= Énée et Lavinie (Collasse) =

Opera by Pascal Collasse

Énée et Lavinie (Aeneas and Lavinia) is an opera by the French composer Pascal Collasse, first performed at the Académie Royale de Musique (the Paris Opéra) on 7 November 1690. It takes the form of a tragédie lyrique in a prologue and five acts.

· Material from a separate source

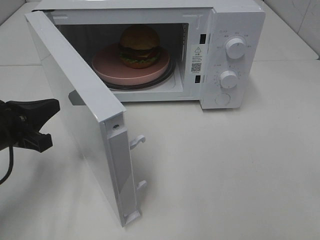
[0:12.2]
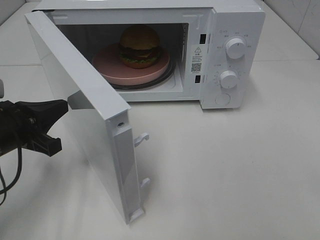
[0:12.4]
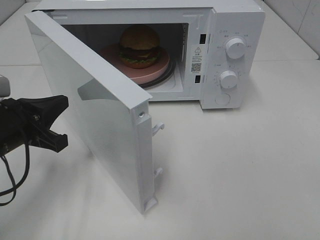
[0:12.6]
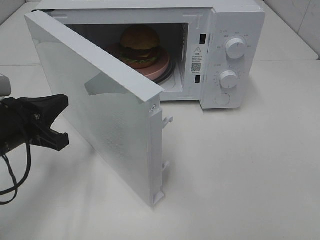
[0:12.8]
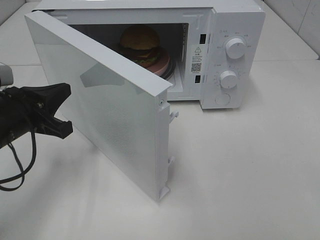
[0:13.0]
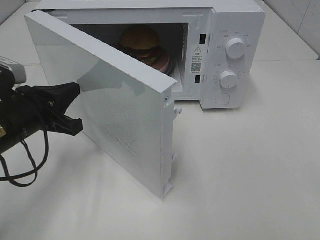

The libretto, by Bernard Le Bovier de Fontenelle, is based on the later books of Virgil's Aeneid. A new setting by the composer Antoine Dauvergne appeared in 1758.

==Roles==

| Cast | Voice type | Premiere |
|---|---|---|
| Vénus, (the goddess Venus) | soprano | Fanchon or Louison Moreau |
| Énée (Aeneas), a Trojan prince | haute-contre | Louis Gaulard Dumesny |
| Latinus, King of Latium | basse-taille (bass-baritone) | Jean Dun |
| Amate (Amata), his queen |  |  |
| Lavinie (Lavinia), their daughter | soprano | Marthe Le Rochois |
| Turnus, King of the Rutuli | basse-taille | Moreau |
| Ilionée |  |  |
| Camille |  |  |
| Junon (the goddess Juno) | soprano | Marie-Louise Desmatins |
| Iris |  |  |
| L'ombre de Didon (the ghost of Dido) |  |  |
| Le grand prêtre de Janus (the high priest of Janus) |  |  |

==Synopsis==
Aeneas, fleeing the destruction of Troy, has arrived in Latium in Italy. The King of Latium wants to marry his daughter Lavinia to Aeneas, but the Trojan has a rival in the local prince Turnus, who is favoured by the queen and the goddess Juno. Juno provokes Turnus to fight the Trojans. The king consults the oracle of his father, the god Faunus, who says that Lavinia must choose her husband for herself and then there will be peace. The ghost of Dido warns Lavinia not to trust her faithless lover Aeneas. The god Bacchus also inspires Lavinia with a hatred of the Trojans and she announces she will marry Turnus. Aeneas reproaches her for her choice and tells her he only abandoned Dido because the god Jupiter told him to. Lavinia admits she loathes Turnus and was only persuaded to marry him by a divine fury sent by Bacchus. Turnus arrives and Aeneas challenges him to single combat. Turnus accepts. The goddess Venus brings Aeneas special armour. Aeneas and Turnus fight (offstage) and Aeneas is victorious. Juno renounces her hatred for the Trojans and the opera ends with the wedding of Aeneas and Lavinia.